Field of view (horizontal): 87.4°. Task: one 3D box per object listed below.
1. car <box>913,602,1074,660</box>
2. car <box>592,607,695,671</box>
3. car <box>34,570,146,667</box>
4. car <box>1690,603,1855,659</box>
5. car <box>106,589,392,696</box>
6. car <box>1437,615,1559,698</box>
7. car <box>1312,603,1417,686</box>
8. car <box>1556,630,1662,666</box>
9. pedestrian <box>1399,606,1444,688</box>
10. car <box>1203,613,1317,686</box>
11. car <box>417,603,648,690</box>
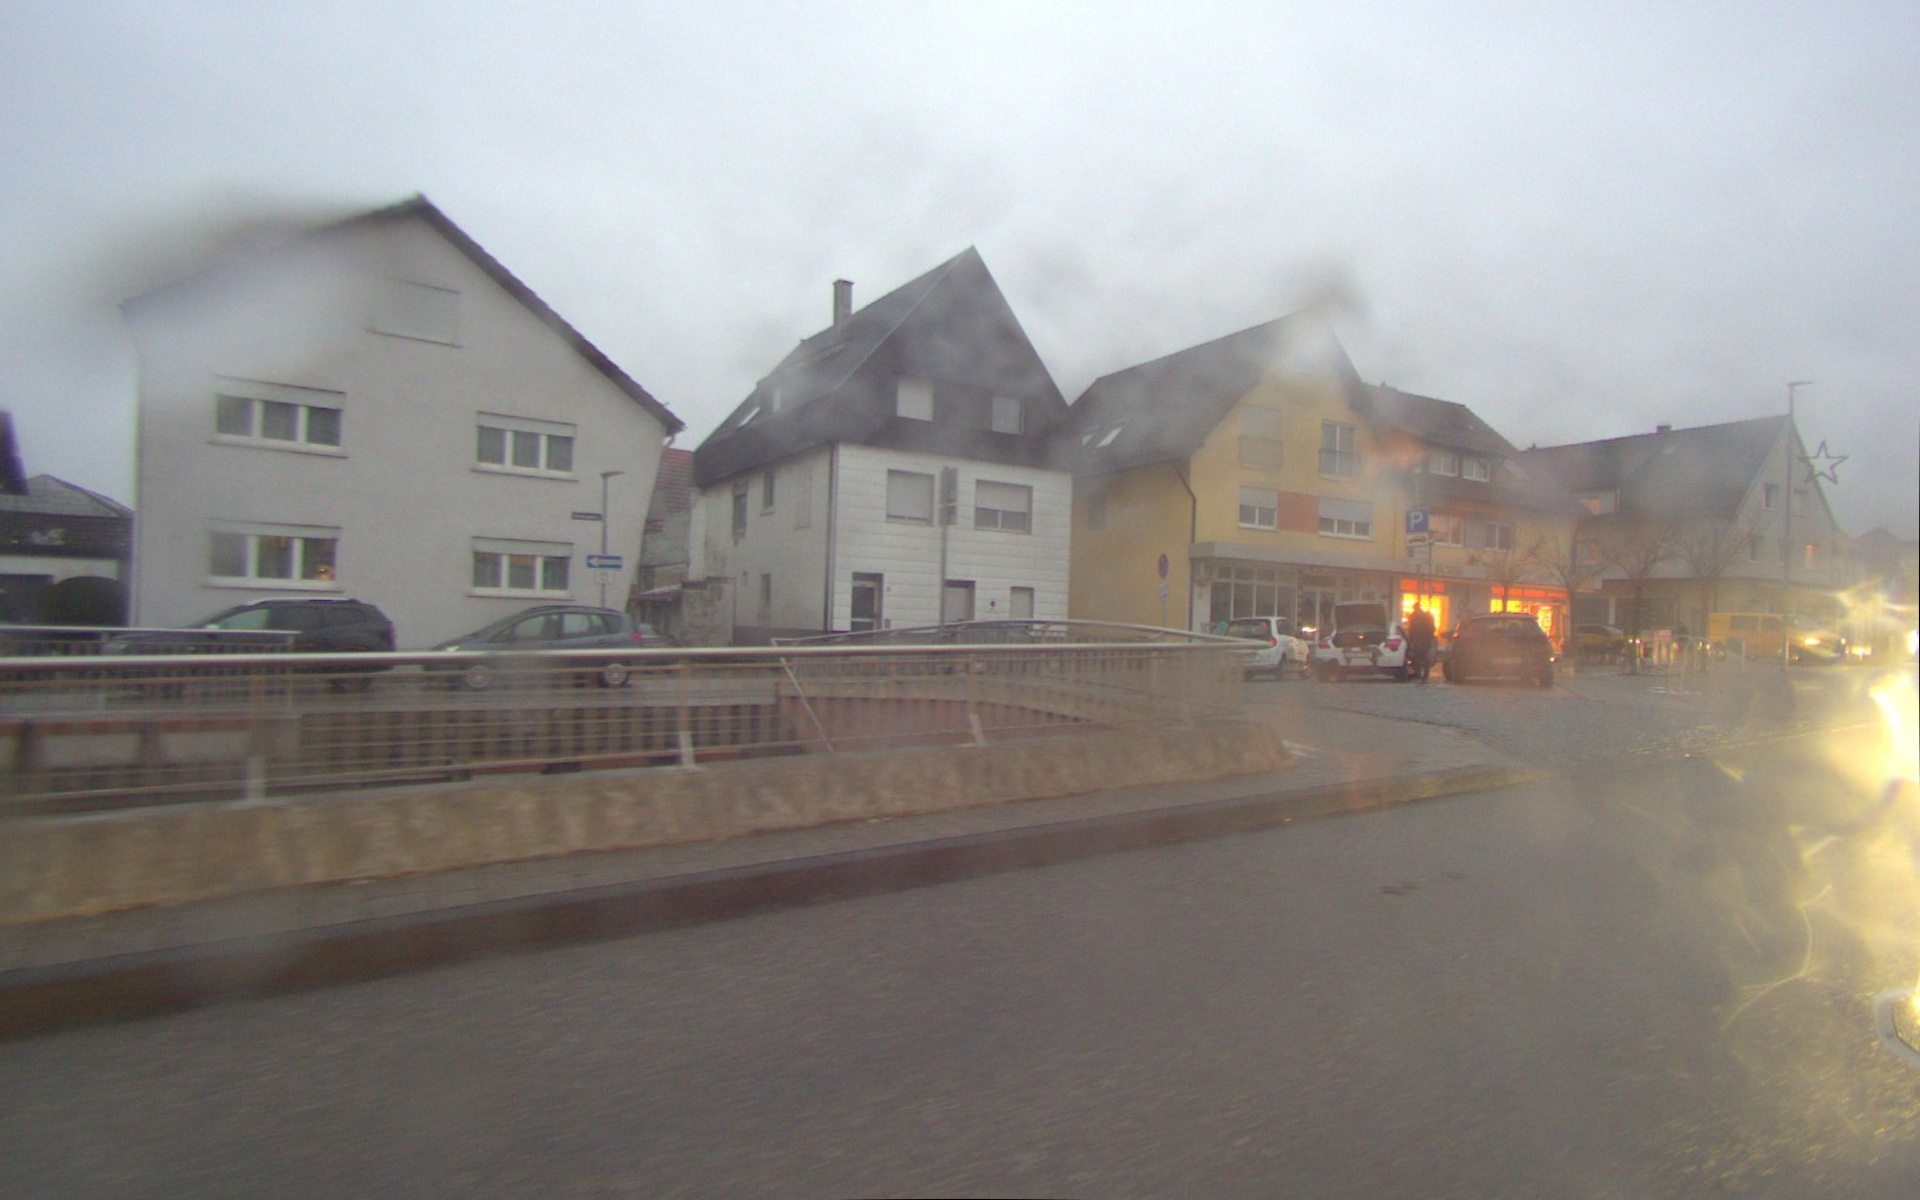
[{"bbox_3d":[1.000,0.889,29.426,4.372,1.520,1.901,1,2,-31],"label":"car"},{"bbox_3d":[-9.255,1.181,29.194,1.701,1.704,3.962,4,-5,-35],"label":"car"},{"bbox_3d":[-19.340,0.475,22.448,1.457,1.962,3.670,0,-3,-34],"label":"car"},{"bbox_3d":[32.215,1.180,40.047,1.966,2.040,4.885,2,0,-14],"label":"car"},{"bbox_3d":[-12.382,0.721,17.703,3.924,1.682,1.686,2,0,-37],"label":"car"},{"bbox_3d":[11.146,1.131,21.075,1.878,1.551,4.178,-1,-2,24],"label":"car"},{"bbox_3d":[9.189,0.984,22.645,1.807,1.692,3.892,-2,-2,27],"label":"car"},{"bbox_3d":[30.128,2.223,46.747,1.691,1.440,3.819,4,-2,-23],"label":"car"},{"bbox_3d":[9.952,1.015,21.691,0.825,1.734,0.724,-1,-1,22],"label":"pedestrian"},{"bbox_3d":[7.553,1.204,25.048,1.734,1.652,3.991,-2,-2,31],"label":"car"},{"bbox_3d":[-8.634,0.915,20.406,4.052,1.590,1.763,2,0,-35],"label":"car"}]
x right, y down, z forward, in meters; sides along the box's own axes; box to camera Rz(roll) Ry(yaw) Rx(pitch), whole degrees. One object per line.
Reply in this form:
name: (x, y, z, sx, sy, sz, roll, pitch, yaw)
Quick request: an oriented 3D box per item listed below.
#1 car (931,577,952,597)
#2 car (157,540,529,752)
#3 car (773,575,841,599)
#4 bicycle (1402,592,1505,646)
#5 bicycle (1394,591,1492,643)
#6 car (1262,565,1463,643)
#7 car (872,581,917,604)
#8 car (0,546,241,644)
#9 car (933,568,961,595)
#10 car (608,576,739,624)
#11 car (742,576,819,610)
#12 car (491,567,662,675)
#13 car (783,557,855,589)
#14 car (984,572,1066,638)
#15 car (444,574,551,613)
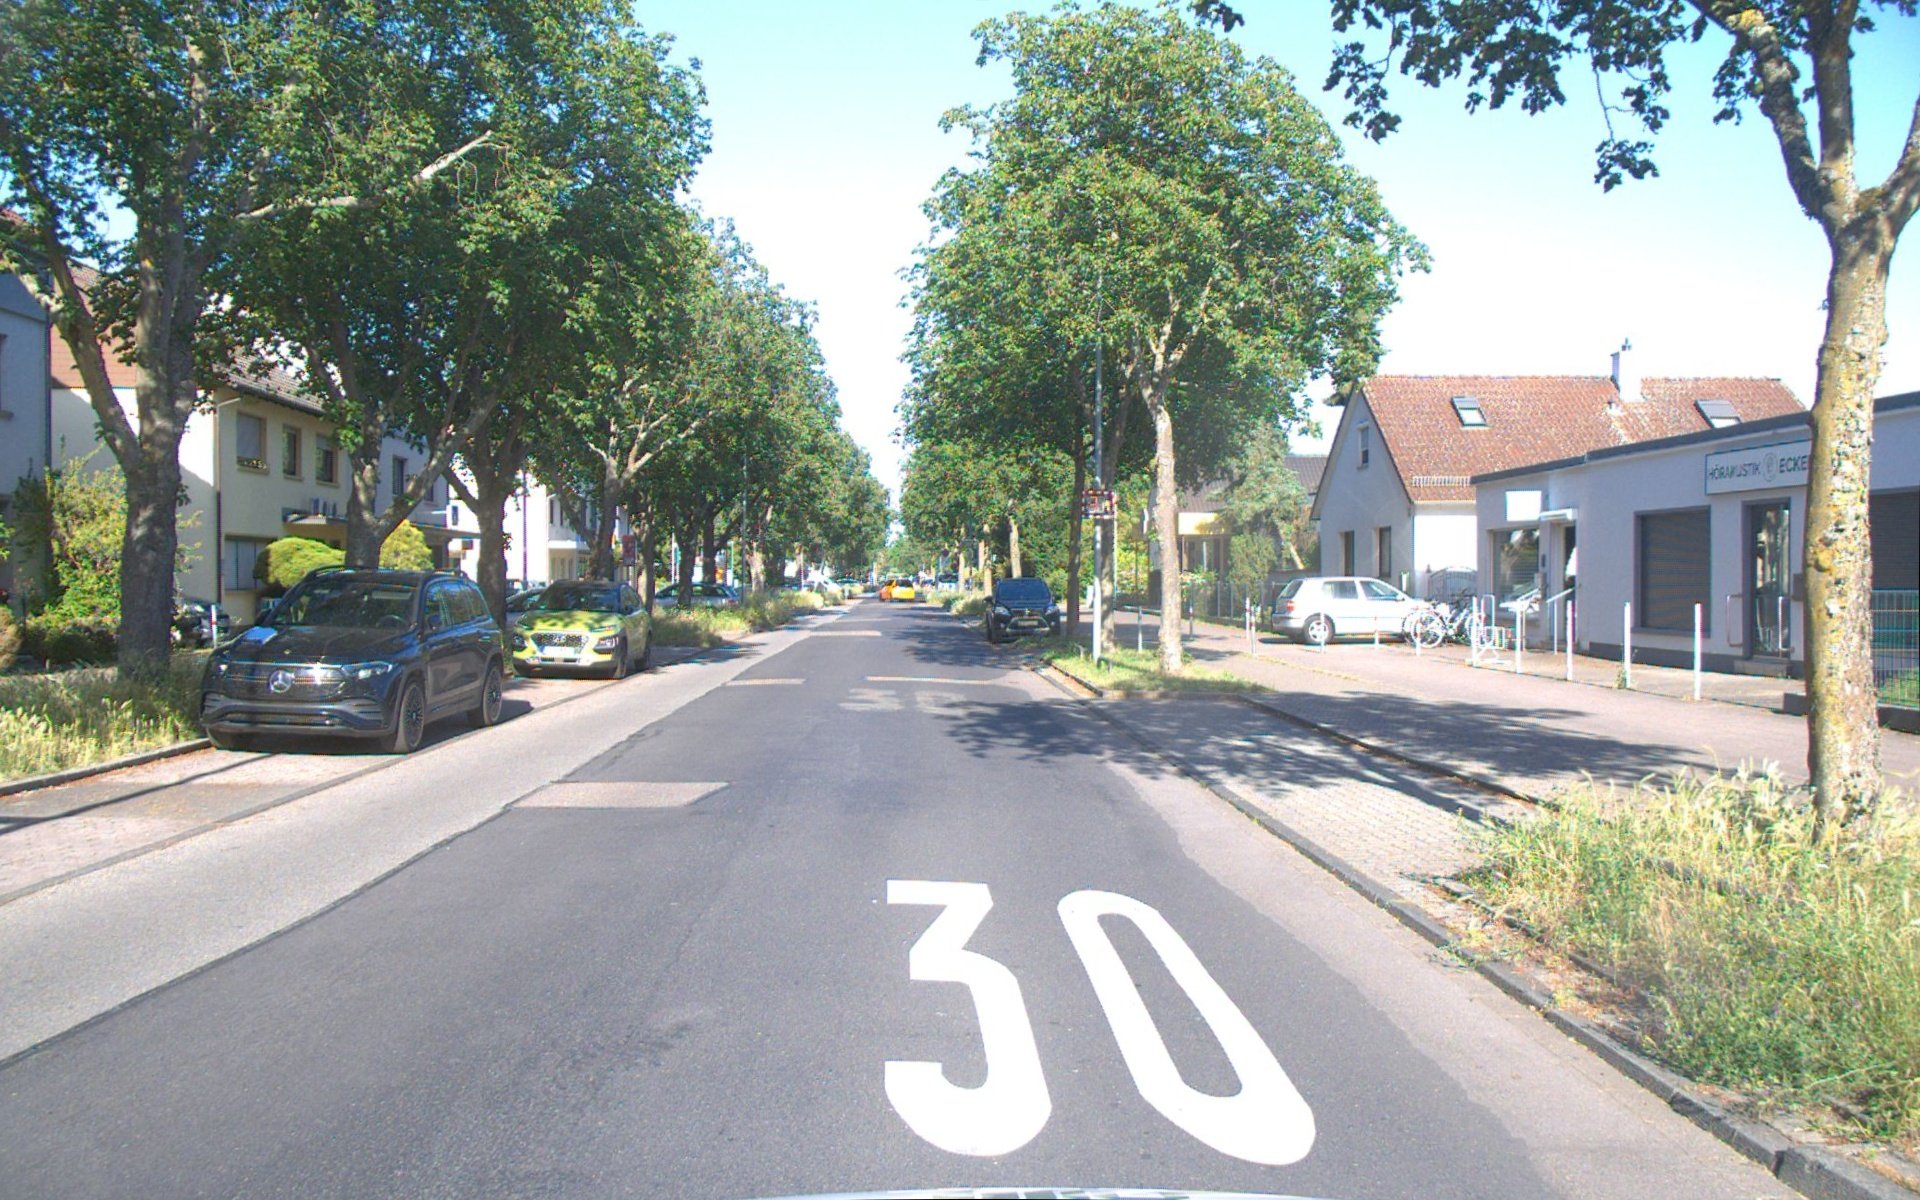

Instructions to follow = All entries are to be duplicated exactly, with the pictures left out.

Reply to the task =
Field of view (horizontal): 87.4°. Task: one 3D box per object listed below.
1. car <box>913,602,1074,660</box>
2. car <box>592,607,695,671</box>
3. car <box>34,570,146,667</box>
4. car <box>1690,603,1855,659</box>
5. car <box>106,589,392,696</box>
6. car <box>1437,615,1559,698</box>
7. car <box>1312,603,1417,686</box>
8. car <box>1556,630,1662,666</box>
9. pedestrian <box>1399,606,1444,688</box>
10. car <box>1203,613,1317,686</box>
11. car <box>417,603,648,690</box>
[{"bbox_3d":[1.000,0.889,29.426,4.372,1.520,1.901,1,2,-31],"label":"car"},{"bbox_3d":[-9.255,1.181,29.194,1.701,1.704,3.962,4,-5,-35],"label":"car"},{"bbox_3d":[-19.340,0.475,22.448,1.457,1.962,3.670,0,-3,-34],"label":"car"},{"bbox_3d":[32.215,1.180,40.047,1.966,2.040,4.885,2,0,-14],"label":"car"},{"bbox_3d":[-12.382,0.721,17.703,3.924,1.682,1.686,2,0,-37],"label":"car"},{"bbox_3d":[11.146,1.131,21.075,1.878,1.551,4.178,-1,-2,24],"label":"car"},{"bbox_3d":[9.189,0.984,22.645,1.807,1.692,3.892,-2,-2,27],"label":"car"},{"bbox_3d":[30.128,2.223,46.747,1.691,1.440,3.819,4,-2,-23],"label":"car"},{"bbox_3d":[9.952,1.015,21.691,0.825,1.734,0.724,-1,-1,22],"label":"pedestrian"},{"bbox_3d":[7.553,1.204,25.048,1.734,1.652,3.991,-2,-2,31],"label":"car"},{"bbox_3d":[-8.634,0.915,20.406,4.052,1.590,1.763,2,0,-35],"label":"car"}]
x right, y down, z forward, in meters; sides along the box's own axes; box to camera Rz(roll) Ry(yaw) Rx(pitch), whole degrees. One object per line.
Reply in this form:
name: (x, y, z, sx, sy, sz, roll, pitch, yaw)
Quick request: an oriented 3D box per item listed below.
#1 car (931,577,952,597)
#2 car (157,540,529,752)
#3 car (773,575,841,599)
#4 bicycle (1402,592,1505,646)
#5 bicycle (1394,591,1492,643)
#6 car (1262,565,1463,643)
#7 car (872,581,917,604)
#8 car (0,546,241,644)
#9 car (933,568,961,595)
#10 car (608,576,739,624)
#11 car (742,576,819,610)
#12 car (491,567,662,675)
#13 car (783,557,855,589)
#14 car (984,572,1066,638)
#15 car (444,574,551,613)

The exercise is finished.